Saved entries:
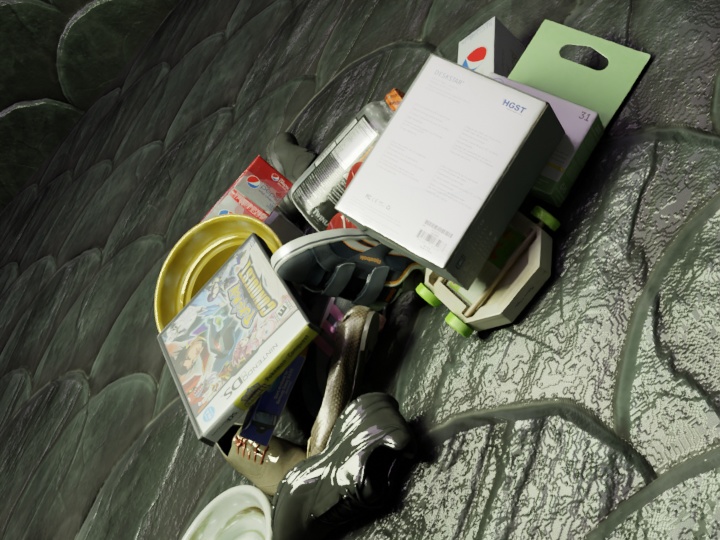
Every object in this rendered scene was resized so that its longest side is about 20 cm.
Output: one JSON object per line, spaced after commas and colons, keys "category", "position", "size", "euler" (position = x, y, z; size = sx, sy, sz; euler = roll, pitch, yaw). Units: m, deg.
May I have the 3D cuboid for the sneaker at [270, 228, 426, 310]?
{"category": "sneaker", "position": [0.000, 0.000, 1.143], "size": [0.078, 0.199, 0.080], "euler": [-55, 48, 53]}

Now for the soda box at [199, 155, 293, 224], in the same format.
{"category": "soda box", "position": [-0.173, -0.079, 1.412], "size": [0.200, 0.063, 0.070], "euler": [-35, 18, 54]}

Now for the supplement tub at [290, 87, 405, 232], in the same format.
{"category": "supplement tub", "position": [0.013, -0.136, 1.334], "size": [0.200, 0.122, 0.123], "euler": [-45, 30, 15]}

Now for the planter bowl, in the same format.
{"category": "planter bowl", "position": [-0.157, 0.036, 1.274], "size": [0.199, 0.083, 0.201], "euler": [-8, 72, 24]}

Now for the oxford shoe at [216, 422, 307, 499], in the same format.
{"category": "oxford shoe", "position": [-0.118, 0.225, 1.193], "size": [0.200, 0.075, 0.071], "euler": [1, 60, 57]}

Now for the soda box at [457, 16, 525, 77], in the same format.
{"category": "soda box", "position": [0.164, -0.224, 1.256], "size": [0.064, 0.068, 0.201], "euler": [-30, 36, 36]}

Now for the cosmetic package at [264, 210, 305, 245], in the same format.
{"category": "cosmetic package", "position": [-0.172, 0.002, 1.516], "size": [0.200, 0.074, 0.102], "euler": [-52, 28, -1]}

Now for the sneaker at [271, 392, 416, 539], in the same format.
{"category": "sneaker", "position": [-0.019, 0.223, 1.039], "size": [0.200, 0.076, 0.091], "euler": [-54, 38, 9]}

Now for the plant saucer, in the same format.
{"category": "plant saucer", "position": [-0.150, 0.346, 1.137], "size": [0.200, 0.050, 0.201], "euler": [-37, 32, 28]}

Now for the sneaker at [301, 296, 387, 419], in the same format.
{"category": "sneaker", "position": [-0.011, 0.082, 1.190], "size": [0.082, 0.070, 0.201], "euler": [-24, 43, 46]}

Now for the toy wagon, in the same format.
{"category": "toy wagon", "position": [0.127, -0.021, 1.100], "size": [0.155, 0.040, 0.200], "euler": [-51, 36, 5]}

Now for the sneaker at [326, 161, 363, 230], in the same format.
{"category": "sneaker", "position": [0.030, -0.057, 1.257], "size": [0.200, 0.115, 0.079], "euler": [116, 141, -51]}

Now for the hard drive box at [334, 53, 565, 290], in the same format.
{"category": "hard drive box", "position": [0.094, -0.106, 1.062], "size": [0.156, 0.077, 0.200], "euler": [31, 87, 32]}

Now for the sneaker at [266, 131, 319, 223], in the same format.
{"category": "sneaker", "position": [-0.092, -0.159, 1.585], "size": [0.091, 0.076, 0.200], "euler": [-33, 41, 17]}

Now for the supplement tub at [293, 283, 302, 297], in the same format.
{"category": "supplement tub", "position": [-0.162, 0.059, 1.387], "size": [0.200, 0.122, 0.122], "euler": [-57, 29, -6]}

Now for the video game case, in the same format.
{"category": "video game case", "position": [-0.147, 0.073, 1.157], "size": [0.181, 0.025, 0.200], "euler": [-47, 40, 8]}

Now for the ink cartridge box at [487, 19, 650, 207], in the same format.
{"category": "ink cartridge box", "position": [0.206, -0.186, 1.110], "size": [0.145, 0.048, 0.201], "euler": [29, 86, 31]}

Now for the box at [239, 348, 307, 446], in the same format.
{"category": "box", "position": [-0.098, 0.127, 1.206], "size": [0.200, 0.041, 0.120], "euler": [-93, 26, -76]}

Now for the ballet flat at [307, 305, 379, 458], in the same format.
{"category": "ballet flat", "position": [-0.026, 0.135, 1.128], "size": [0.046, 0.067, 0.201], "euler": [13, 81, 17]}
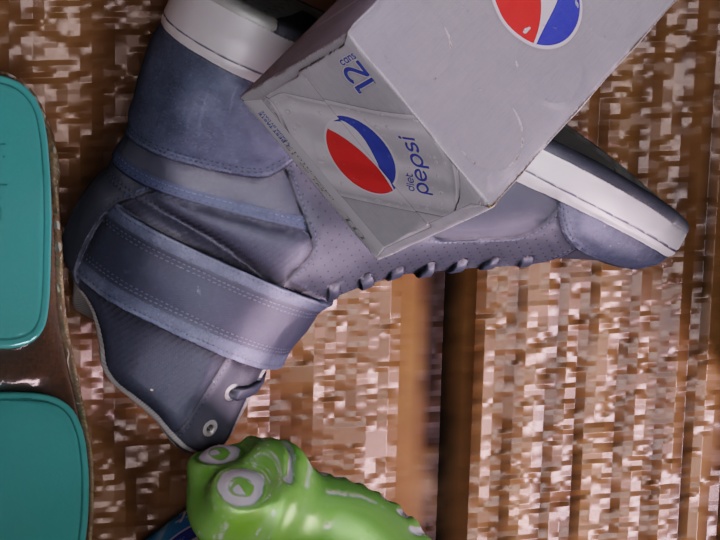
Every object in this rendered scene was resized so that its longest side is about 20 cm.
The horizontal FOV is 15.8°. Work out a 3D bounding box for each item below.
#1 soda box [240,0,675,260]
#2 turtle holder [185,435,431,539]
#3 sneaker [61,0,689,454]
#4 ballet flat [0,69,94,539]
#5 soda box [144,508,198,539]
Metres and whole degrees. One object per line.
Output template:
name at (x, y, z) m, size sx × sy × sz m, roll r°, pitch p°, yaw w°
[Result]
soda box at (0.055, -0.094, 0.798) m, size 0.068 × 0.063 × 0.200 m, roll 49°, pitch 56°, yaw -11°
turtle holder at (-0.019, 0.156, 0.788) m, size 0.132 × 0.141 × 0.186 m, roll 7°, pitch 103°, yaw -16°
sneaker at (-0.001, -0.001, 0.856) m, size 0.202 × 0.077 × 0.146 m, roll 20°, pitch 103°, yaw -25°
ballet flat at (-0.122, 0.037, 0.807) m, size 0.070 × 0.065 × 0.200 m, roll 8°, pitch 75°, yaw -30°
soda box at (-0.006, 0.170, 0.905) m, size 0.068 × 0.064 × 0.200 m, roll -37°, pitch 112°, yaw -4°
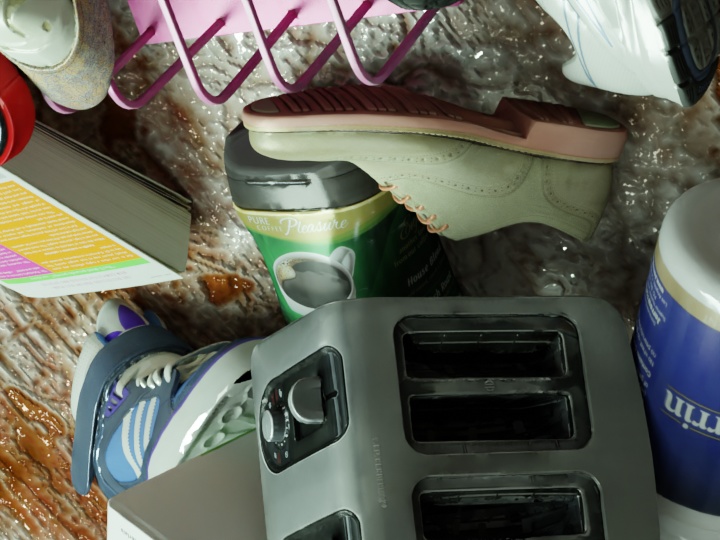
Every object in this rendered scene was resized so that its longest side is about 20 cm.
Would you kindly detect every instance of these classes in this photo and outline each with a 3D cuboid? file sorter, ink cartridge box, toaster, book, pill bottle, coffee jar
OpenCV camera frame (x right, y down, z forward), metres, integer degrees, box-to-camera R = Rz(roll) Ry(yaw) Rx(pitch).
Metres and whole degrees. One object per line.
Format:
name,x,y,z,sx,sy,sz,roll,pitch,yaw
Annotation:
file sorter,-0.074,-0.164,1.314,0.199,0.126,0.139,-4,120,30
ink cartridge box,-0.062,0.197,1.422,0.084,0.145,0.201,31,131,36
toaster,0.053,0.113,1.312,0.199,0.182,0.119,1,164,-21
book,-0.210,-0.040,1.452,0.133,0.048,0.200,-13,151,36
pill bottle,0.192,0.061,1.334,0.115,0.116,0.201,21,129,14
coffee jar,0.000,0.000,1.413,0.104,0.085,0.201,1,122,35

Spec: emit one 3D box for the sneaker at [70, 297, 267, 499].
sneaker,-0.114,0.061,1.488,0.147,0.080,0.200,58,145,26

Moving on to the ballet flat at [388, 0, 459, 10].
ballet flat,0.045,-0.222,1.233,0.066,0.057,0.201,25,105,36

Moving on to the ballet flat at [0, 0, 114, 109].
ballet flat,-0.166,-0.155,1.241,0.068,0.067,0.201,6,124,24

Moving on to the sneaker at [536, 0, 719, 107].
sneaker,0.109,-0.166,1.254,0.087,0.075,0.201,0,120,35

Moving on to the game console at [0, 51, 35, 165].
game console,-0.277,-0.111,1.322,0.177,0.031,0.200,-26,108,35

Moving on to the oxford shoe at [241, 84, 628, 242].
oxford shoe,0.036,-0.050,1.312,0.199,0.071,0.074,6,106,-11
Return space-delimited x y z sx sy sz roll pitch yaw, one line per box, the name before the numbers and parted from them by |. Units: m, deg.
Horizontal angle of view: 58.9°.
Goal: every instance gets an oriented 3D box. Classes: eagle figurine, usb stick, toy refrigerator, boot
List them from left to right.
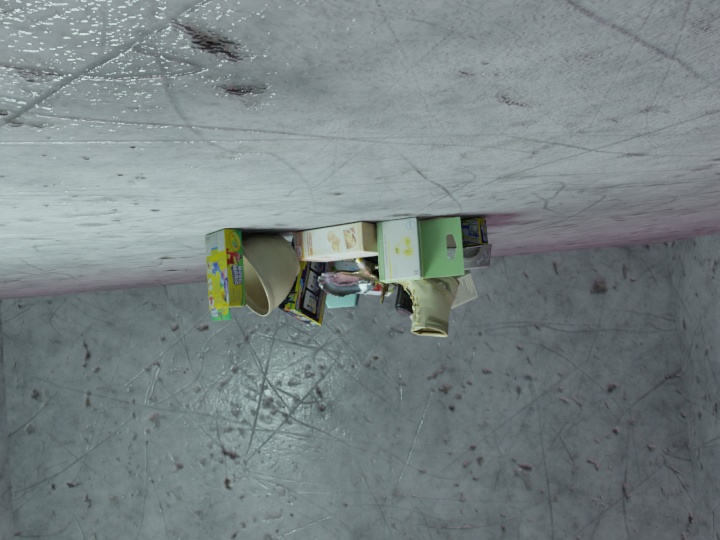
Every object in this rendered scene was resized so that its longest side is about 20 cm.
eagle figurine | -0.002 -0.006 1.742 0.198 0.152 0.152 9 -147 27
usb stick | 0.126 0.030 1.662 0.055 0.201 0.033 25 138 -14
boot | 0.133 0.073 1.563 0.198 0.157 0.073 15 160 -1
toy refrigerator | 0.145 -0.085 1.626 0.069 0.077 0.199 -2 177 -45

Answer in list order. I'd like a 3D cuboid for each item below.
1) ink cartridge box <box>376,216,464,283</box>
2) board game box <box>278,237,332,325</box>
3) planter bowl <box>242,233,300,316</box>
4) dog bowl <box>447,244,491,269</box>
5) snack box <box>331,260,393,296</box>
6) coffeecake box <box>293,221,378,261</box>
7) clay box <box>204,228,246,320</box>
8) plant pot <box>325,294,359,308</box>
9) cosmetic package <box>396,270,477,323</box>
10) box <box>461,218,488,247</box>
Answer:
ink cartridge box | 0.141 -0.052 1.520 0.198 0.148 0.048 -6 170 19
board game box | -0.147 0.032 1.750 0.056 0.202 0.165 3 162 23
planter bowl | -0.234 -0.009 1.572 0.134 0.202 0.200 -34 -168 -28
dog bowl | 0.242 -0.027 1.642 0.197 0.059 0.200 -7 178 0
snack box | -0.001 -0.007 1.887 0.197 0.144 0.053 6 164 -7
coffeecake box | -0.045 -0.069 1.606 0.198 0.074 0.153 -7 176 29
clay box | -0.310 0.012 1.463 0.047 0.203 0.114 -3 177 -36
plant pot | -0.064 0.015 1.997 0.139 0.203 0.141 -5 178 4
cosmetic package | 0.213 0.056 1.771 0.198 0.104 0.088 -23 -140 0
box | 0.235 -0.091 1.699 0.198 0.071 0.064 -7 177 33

The problem: When a line among the entries contains "right", pull that line out.

Answer section:
OpenCV camera frame (x right, y down, z forward), metres, integer degrees, box-to-camera R = Rz(roll) Ry(yaw) Rx(pitch).
List them from left to right.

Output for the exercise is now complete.